Results of antihyperglycaemic studies such as Oral Glucose Tolerance Test (OGTT) in animals using insulin-stimulating drugs like glibenclamide as positive controls can be extrapolated to type 2 diabetes state in humans.^33,34,35,40 Early extra-pancreatic and late insulin-stimulating mechanisms of action has been reported as the mechanisms of action of glibenclamide and was therefore used in this study to investigate the possible mechanism of action of the plant extract.⁴¹

The results of the study showed that the negative control group of rats that received 10 g/kg glucose solution gave a time-dependent (0.5-4 h) reduction in blood glucose levels. This was caused by homeostasis mechanism of the rats showing the healthy state of its pancreas.^35,42,43 The extract of P nigrescens at 100 and 400 mg/kg was devoid of activity at 0.5 to 2 h but gave 8.5% and 2.5% effect at 4 h that was significantly lower than glibenclamide (5 mg/kg). However, the 200 mg/kg of the extract elicited comparable (P > 0.05) activity to glibenclamide at 1 to 4 h indicating highest activity of the extract at this dose. Furthermore, similar profile of activity of the extract at 200 mg/kg with glibenclamide at all time points suggested insulin stimulating as its major mechanism of action at this dose (Table 3).⁴¹

Table 3.

Dose-related glucose-lowering effect of P nigrescens fruit extract.

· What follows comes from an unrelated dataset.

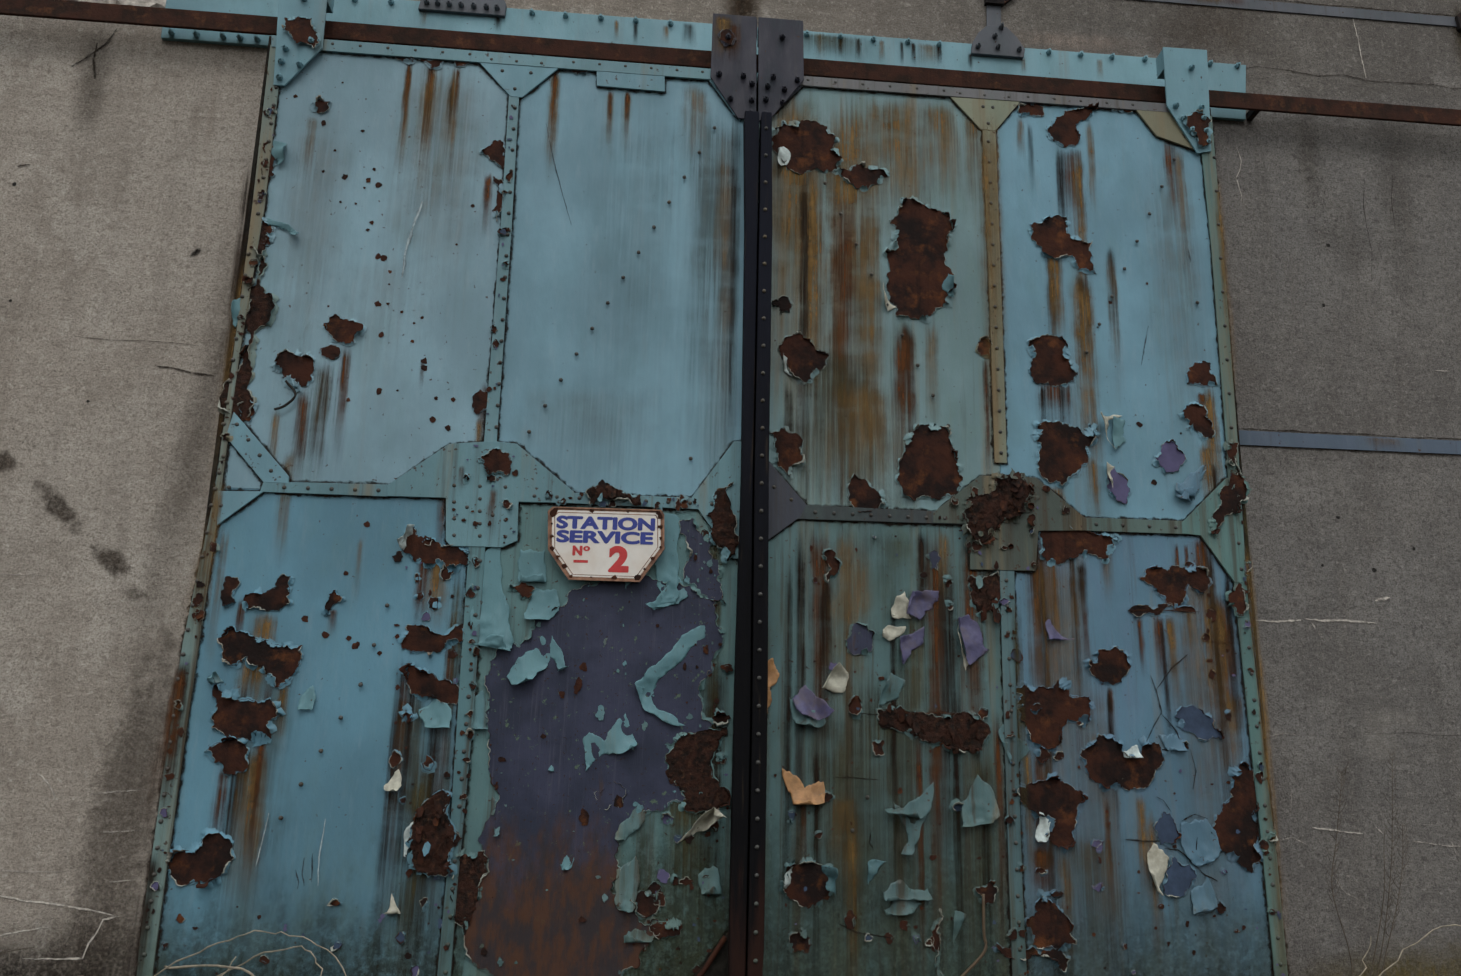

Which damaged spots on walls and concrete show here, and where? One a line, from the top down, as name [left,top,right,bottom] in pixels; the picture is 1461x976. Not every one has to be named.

Dose of extract/drug (mg/kg)	Blood glucose levels as percentages of T0 (% percentage reduction in blood glucose relative to negative control at T_t)
Dose of extract/drug (mg/kg)	0 h	0.5 h	1 h	2 h	4 h
GLU (10 g/kg)	100.00	83.79 ± 3.80^b	85.89 ± 0.50^b	76.45 ± 1.71^b	74.18 ± 1.97^b
A (100)	100.00	91.97 ± 4.11^b (–9.76%)	82.98 ± 4.23^b (3.39 %)	76.72 ± 4.77^b (–0.35 %)	67.91 ± 2.70^b (8.45 %)
A (200)	100.00	65.84 ± 5.24^a (21.42 %)	61.92 ± 4.58^a (27.91 %)	57.78 ± 3.78^a (24.42 %)	54.03 ± 5.00^a (27.16 %)
A (400)	100.00	85.45 ± 4.90^b (–1.98 %)	82.20 ± 5.30^b (4.37 %)	77.34 ± 4.79^b (–1.16 %)	72.33 ± 4.82^b (2.49 %)
GLI (5)	100.00	75.60 ± 6.70^b 9.77%	70.70 ± 6.90^a 17.69%	58.30 ± 6.40^a 23.74%	45.30 ± 6.90^a 39.93%

Abbreviations: A, Fruit extract of P. nigrescens; GLI, Glibenclamide (positive control); GLU, Glucose in 1% of Tween 80 normal saline (negative control).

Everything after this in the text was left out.